COLLECTED MATERIAL →
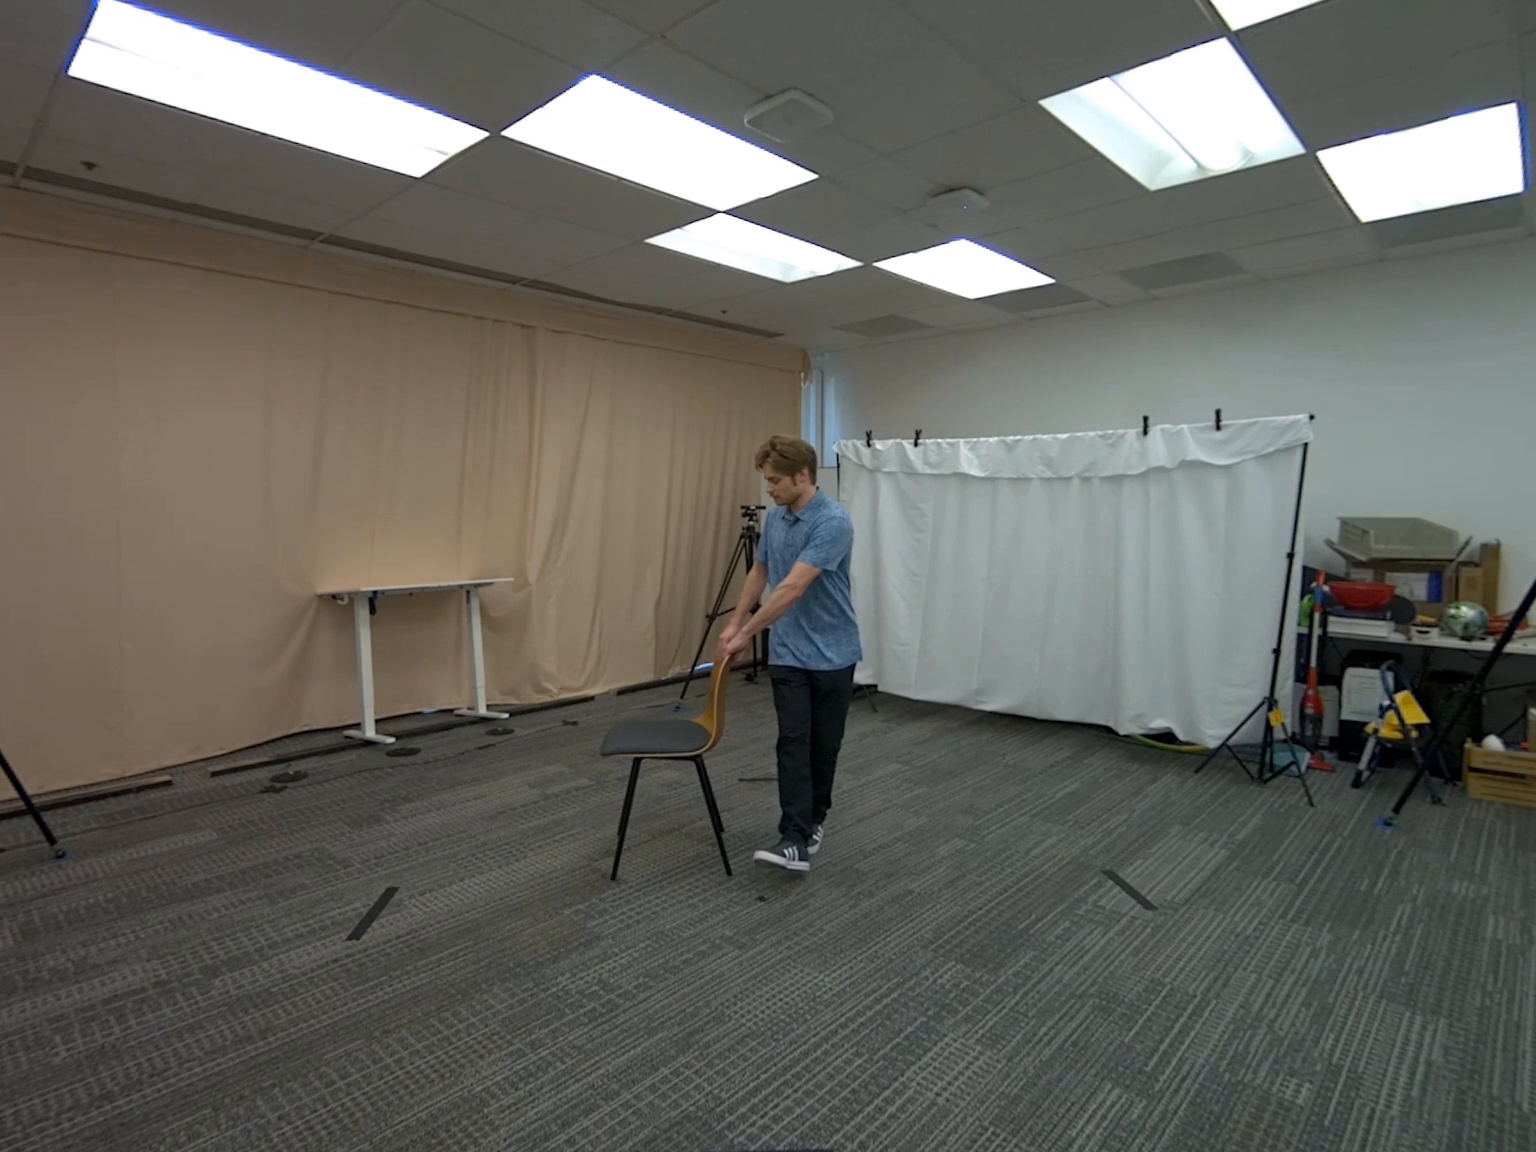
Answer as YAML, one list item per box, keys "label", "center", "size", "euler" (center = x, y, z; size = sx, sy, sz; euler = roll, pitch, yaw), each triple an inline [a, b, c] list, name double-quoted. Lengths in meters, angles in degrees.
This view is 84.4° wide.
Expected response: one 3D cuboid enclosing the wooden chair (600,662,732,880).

WHAT THIS TASK INVOLVES →
The response should hold only an exact retyping of the lines from the beginning of the data through the line containing "This view is 84.4° wide.", both ends kept, pictures omitted.

RESULT OF THE EXERCISE →
Answer as YAML, one list item per box, keys "label", "center", "size", "euler" (center = x, y, z; size = sx, sy, sz; euler = roll, pitch, yaw), each triple an inline [a, b, c] list, name double-quoted. Lengths in meters, angles in degrees.
This view is 84.4° wide.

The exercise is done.